PROBLEM REQUIREMENTS: Please keep to the lines below from the one with "line 1: y = 1 to 21" through the one with "outline: (-20.25, 1)", and restate them word for word, ends included.
════
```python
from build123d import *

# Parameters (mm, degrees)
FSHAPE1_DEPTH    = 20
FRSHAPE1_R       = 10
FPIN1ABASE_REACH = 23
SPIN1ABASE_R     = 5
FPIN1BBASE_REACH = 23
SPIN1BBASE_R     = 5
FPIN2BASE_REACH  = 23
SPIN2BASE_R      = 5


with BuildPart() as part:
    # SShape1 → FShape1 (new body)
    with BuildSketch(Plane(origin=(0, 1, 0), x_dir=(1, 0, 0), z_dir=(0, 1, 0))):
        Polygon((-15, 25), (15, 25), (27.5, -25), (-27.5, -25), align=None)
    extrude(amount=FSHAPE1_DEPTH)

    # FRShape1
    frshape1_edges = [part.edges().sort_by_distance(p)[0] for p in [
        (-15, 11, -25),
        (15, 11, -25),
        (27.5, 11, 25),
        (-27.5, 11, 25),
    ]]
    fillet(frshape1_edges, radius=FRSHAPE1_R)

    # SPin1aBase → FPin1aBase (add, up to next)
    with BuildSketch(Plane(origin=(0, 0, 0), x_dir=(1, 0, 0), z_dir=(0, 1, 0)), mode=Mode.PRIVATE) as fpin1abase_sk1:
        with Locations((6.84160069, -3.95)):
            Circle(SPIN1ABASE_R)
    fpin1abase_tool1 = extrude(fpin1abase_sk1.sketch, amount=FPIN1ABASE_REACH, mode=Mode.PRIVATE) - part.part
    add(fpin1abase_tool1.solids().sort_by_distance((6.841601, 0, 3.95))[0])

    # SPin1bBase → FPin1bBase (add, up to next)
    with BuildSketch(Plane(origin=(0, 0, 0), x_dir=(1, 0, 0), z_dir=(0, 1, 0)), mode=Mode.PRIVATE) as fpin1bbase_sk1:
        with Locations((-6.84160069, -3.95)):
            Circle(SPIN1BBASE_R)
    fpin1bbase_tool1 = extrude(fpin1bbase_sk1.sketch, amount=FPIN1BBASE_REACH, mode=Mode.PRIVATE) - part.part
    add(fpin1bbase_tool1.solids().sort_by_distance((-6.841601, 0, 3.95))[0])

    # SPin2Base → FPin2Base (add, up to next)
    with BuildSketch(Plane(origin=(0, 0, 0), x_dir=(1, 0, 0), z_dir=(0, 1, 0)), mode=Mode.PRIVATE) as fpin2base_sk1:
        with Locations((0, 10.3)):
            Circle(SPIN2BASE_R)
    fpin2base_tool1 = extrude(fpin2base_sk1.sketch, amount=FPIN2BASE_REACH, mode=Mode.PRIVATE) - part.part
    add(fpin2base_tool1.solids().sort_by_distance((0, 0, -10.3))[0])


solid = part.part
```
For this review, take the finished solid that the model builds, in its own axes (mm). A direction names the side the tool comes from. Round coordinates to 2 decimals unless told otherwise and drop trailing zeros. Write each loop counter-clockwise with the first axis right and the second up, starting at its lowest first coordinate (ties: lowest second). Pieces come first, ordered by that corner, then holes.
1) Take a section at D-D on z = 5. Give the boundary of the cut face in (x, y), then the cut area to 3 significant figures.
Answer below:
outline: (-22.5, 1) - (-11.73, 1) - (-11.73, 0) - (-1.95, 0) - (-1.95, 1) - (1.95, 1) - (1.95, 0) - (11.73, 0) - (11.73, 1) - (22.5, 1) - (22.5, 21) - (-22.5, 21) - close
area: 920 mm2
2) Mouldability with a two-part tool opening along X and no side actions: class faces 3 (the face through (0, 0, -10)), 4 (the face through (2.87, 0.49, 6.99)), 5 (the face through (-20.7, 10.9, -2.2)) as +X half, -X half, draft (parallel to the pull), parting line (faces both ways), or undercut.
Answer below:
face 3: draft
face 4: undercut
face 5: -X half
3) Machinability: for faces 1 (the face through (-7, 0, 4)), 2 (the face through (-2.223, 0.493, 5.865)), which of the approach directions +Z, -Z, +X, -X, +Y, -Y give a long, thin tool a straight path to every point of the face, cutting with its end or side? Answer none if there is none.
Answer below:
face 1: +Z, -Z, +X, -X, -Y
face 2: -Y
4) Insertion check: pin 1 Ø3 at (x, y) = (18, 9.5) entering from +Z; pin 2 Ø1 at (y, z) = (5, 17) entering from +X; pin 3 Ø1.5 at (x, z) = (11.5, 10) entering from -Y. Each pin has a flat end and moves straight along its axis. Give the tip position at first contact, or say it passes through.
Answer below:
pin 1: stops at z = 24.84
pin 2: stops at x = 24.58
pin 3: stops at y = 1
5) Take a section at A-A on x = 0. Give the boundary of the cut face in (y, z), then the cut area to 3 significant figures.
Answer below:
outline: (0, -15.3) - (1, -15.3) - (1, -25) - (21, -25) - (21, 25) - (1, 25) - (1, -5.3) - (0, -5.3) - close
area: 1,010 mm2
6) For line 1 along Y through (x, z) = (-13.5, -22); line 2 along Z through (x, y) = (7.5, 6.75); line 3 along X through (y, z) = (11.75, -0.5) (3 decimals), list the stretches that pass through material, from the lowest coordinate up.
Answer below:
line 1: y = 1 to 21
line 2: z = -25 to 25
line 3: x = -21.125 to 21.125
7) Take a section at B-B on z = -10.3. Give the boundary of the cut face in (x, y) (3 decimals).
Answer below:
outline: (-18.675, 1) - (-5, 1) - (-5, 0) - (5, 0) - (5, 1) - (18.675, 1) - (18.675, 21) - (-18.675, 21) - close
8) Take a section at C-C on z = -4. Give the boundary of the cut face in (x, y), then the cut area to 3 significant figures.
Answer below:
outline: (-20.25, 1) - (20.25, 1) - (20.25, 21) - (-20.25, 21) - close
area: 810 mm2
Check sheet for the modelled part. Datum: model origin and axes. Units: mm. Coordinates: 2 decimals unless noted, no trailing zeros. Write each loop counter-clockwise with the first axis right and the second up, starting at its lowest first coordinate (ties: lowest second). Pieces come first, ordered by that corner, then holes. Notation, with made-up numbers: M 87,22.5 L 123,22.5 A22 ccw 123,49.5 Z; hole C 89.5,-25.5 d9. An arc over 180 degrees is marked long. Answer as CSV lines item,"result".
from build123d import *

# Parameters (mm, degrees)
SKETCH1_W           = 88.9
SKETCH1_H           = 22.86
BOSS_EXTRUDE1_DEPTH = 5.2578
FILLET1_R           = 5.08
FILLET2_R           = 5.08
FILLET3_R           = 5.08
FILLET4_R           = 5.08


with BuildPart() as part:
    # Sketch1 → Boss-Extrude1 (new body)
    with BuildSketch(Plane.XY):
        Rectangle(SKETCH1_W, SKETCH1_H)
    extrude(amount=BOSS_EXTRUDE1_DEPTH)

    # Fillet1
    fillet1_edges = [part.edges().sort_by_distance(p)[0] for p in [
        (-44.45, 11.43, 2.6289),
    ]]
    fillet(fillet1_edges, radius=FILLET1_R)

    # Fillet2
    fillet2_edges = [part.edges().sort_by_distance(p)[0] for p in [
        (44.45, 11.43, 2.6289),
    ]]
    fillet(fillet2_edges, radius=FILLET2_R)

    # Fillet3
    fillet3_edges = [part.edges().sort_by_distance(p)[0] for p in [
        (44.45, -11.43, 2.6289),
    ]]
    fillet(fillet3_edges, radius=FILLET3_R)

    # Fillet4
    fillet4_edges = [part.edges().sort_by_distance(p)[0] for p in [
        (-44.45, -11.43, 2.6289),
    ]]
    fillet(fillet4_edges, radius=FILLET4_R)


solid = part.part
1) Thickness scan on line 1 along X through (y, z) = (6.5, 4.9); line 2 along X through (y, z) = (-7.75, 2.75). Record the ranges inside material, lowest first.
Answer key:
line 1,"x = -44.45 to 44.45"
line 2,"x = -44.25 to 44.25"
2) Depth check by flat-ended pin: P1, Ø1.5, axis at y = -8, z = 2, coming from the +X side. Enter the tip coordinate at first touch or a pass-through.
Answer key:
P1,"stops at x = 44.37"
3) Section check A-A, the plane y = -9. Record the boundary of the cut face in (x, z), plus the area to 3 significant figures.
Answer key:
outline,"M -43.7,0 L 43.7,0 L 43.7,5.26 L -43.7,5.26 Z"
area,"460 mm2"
════
TASK SOLUTION:
line 1: y = 1 to 21
line 2: z = -25 to 25
line 3: x = -21.125 to 21.125
7) Take a section at B-B on z = -10.3. Give the boundary of the cut face in (x, y) (3 decimals).
Answer below:
outline: (-18.675, 1) - (-5, 1) - (-5, 0) - (5, 0) - (5, 1) - (18.675, 1) - (18.675, 21) - (-18.675, 21) - close
8) Take a section at C-C on z = -4. Give the boundary of the cut face in (x, y), then the cut area to 3 significant figures.
Answer below:
outline: (-20.25, 1) - (20.25, 1) - (20.25, 21) - (-20.25, 21) - close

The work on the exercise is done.